Yes, all this makes sense. What I don't understand is how "performance
of kvcalloc is better". This is not supposed to be.
> > I'm not so sure about the results and performance improvements that are
> > claimed here. However, the switch to kvcalloc() itself seems reasonable
> > to me.
> >
> > I'll run these tests myself as the results might have some noise. I'll
> > get back with the results.
> >
> > Thanks,
> > Carlos Llamas
>
> Okay, thank you for the suggestion. I look forward to receiving your
> test results and continuing our discussion.
>
I ran several iterations of the benchmark test on a Pixel device and as
expected I didn't see any significant differences. This is a good thing,
but either we need to understand how you obtained a better performance
from using kvcalloc(), or it would be better to drop this claim from the
commit log.
The following are two individual samples of each form. However, if we
could average the output and get rid of the noise it seems the numbers
are pretty much the same.
Sample with kcalloc():
------------------------------------------------------------------
Benchmark Time CPU Iterations
------------------------------------------------------------------
BM_sendVec_binder/4 19983 ns 9832 ns 60255
BM_sendVec_binder/8 19766 ns 9690 ns 71699
BM_sendVec_binder/16 19785 ns 9722 ns 72086
BM_sendVec_binder/32 20067 ns 9864 ns 71535
BM_sendVec_binder/64 20077 ns 9941 ns 69141
BM_sendVec_binder/128 20147 ns 9944 ns 71016
BM_sendVec_binder/256 20424 ns 10044 ns 69451
BM_sendVec_binder/512 20518 ns 10064 ns 69179
BM_sendVec_binder/1024 21073 ns 10319 ns 67599
BM_sendVec_binder/2048 21482 ns 10502 ns 66767
BM_sendVec_binder/4096 22308 ns 10809 ns 63841
BM_sendVec_binder/8192 24022 ns 11649 ns 60795
BM_sendVec_binder/16384 27172 ns 13426 ns 51940
BM_sendVec_binder/32768 32853 ns 16345 ns 42211
BM_sendVec_binder/65536 80177 ns 39787 ns 17557
Sample with kvalloc():
------------------------------------------------------------------
Benchmark Time CPU Iterations
------------------------------------------------------------------
BM_sendVec_binder/4 19900 ns 9711 ns 68626
BM_sendVec_binder/8 19903 ns 9756 ns 71524
BM_sendVec_binder/16 19601 ns 9541 ns 71069
BM_sendVec_binder/32 19514 ns 9530 ns 72469
BM_sendVec_binder/64 20042 ns 10006 ns 69753
BM_sendVec_binder/128 20142 ns 9965 ns 70392
BM_sendVec_binder/256 20274 ns 9958 ns 70173
BM_sendVec_binder/512 20305 ns 9966 ns 70347
BM_sendVec_binder/1024 20883 ns 10250 ns 67813
BM_sendVec_binder/2048 21364 ns 10455 ns 67366
BM_sendVec_binder/4096 22350 ns 10888 ns 65689
BM_sendVec_binder/8192 24113 ns 11707 ns 58149
BM_sendVec_binder/16384 27122 ns 13346 ns 52515
BM_sendVec_binder/32768 32158 ns 15901 ns 44139
BM_sendVec_binder/65536 87594 ns 43627 ns 16040
To reiterate, the switch to kvcalloc() sounds good to me.

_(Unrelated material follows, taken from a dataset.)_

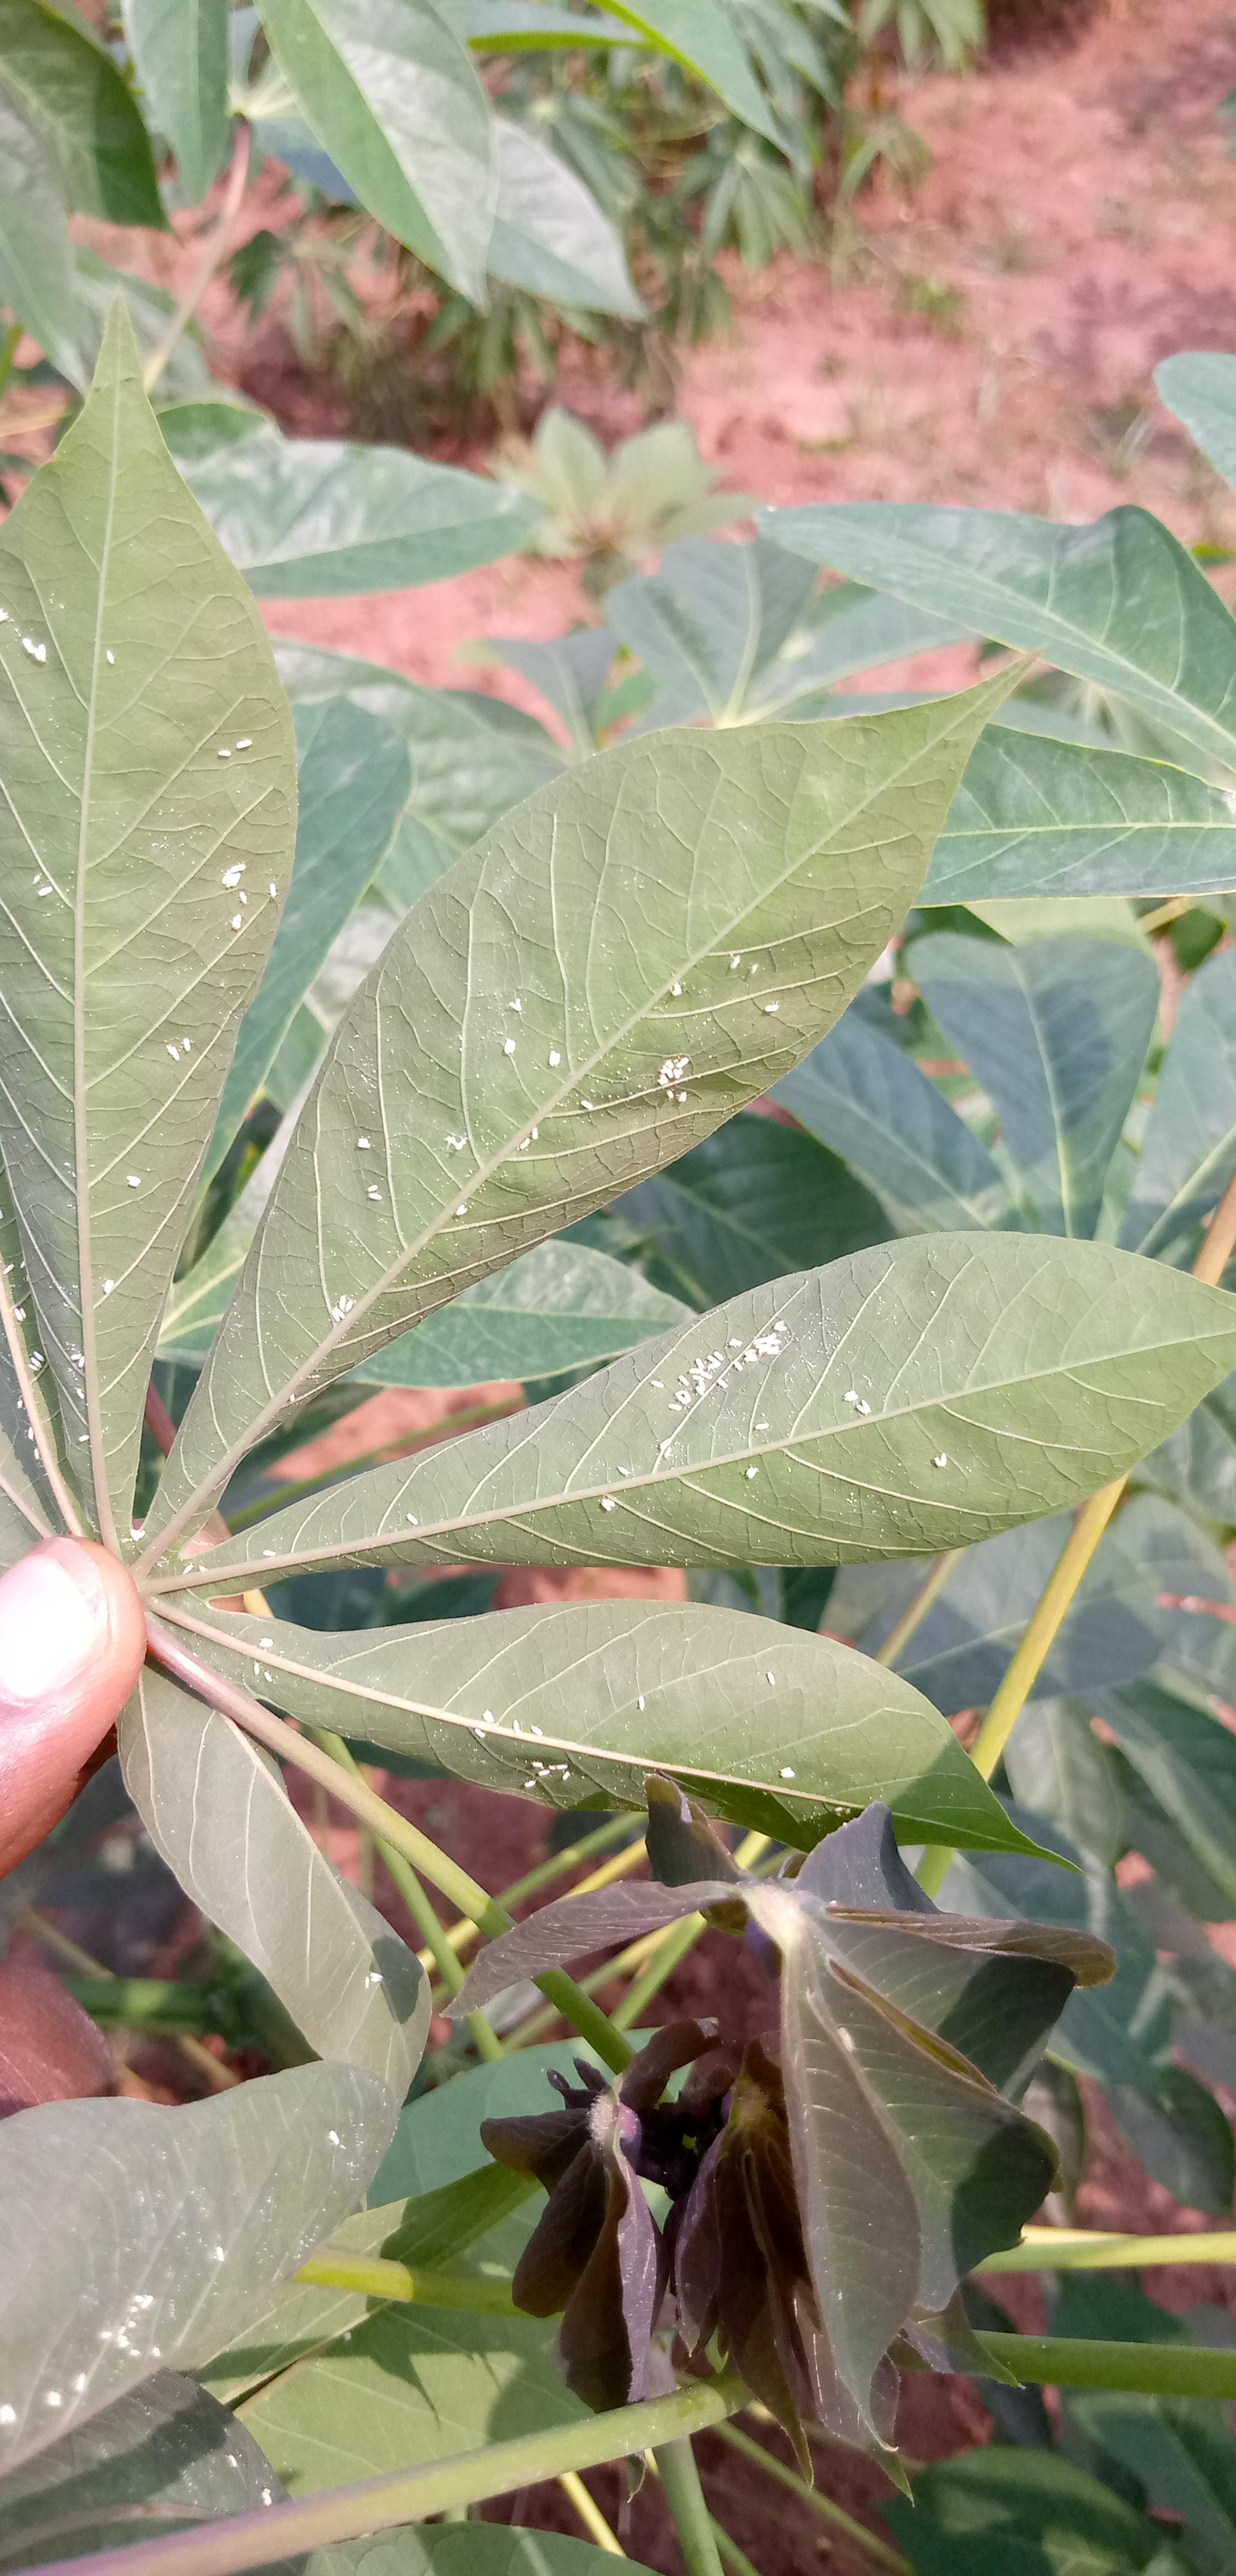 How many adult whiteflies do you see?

Let's just fix
the commit log and Greg's suggestions too.
Thanks,
Carlos Llamas
^ permalink raw reply [flat|nested] 9+ messages in thread
* Re: [PATCH v3] binder_alloc: Replace kcalloc with kvcalloc to mitigate OOM issues
2024-06-17 18:43 ` Carlos Llamas
@ 2024-06-18 2:50 ` Lei Liu
2024-06-18 4:37 ` Carlos Llamas
0 siblings, 1 reply; 9+ messages in thread
From: Lei Liu @ 2024-06-18 2:50 UTC (permalink / raw)
To: Carlos Llamas
Cc: Greg Kroah-Hartman, Arve Hjønnevåg, Todd Kjos,
Martijn Coenen, Joel Fernandes, Christian Brauner,
Suren Baghdasaryan, linux-kernel, opensource.kernel
On 2024/6/18 2:43, Carlos Llamas wrote:
> On Mon, Jun 17, 2024 at 12:01:26PM +0800, Lei Liu wrote:
>> On 6/15/2024 at 2:38, Carlos Llamas wrote:
>>> My understanding is that kvcalloc() == kcalloc() if there is enough
>>> contiguous memory no?
>>>
>>> I would expect the performance to be the same at best.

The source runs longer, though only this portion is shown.